Sidonie-Gabrielle Colette was born on January 28, 1873, to war hero and tax collector Jules-Joseph Colette and his wife Adèle Eugénie Sidonie ("Sido"), nėe Landoy, in the village of Saint-Sauveur-en-Puisaye in the département of Yonne, Burgundy. The family was initially well off, but by the time she was of school age poor financial management had substantially reduced her father's income and she attended a public school from the ages of 6 to 17—this was, nevertheless, a fairly extensive education for a girl of the period.

In 1893 she married Henry Gauthier-Villars (1859–1931) or 'Willy', his nom-de-plume, a well-known author and publisher, and her first four novels—the four Claudine stories, Claudine à l'école (1900), Claudine à Paris (1901), Claudine en menage (1902), and Claudine s'en va (1903)—appeared under his name. They chart the coming of age of their heroine, Claudine, from an unconventional fifteen-year-old in a Burgundian village to the literary salons of turn-of-the-century Paris. (The four are published in English as Claudine at School, Claudine in Paris, Claudine Married, and Claudine and Annie). The story they tell is semi-autobiographical, but not entirely—most strikingly, Claudine, unlike Colette, is motherless.

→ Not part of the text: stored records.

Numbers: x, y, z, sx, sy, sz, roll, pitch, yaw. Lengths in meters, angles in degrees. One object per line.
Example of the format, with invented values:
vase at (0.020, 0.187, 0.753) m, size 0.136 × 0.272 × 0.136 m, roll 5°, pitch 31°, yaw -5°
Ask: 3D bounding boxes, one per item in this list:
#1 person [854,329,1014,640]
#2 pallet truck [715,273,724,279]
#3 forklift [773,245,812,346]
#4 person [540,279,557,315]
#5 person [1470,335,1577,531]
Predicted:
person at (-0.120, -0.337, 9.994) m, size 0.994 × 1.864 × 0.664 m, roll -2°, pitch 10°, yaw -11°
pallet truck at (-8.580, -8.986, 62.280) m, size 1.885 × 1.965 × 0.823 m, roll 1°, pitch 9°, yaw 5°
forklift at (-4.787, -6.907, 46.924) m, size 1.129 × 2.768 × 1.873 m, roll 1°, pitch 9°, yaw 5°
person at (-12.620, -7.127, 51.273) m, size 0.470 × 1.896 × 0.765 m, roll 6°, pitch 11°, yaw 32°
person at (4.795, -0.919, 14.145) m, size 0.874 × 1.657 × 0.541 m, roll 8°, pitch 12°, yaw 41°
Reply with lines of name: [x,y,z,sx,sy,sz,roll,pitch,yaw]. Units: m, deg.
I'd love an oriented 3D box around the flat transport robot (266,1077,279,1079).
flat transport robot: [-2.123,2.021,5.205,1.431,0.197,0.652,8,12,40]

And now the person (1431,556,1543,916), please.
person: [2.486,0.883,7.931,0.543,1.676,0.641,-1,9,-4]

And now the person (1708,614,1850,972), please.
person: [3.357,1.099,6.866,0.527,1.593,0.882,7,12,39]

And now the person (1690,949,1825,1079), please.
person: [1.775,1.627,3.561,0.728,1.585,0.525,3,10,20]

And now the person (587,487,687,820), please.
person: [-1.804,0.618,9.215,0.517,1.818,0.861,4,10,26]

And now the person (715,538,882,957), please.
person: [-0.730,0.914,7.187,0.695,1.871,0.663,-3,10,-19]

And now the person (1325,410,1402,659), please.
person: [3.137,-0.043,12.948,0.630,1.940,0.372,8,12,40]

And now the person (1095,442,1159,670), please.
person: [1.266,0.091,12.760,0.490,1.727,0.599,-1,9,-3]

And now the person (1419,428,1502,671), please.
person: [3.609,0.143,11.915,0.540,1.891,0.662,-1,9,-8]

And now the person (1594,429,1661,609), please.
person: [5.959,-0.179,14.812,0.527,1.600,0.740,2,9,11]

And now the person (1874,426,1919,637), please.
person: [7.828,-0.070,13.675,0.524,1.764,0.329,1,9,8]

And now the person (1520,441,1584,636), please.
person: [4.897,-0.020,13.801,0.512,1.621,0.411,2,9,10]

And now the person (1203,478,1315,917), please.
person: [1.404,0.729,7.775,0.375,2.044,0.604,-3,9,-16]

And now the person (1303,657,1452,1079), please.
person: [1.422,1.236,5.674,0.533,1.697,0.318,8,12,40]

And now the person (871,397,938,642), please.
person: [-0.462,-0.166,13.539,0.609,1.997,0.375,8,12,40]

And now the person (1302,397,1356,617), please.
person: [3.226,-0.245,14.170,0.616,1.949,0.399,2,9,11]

Willy, fourteen years older than his wife and one of the most notorious libertines in Paris, introduced Colette into avant-garde intellectual and artistic circles while engaging in sexual affairs and encouraging her own lesbian dalliances. It was he who chose the titillating subject-matter of the Claudine novels, "the secondary myth of Sappho...the girls' school or convent ruled by a seductive female teacher" (Ladimer, p. 53). Colette later said that she would never have become a writer if not for Willy.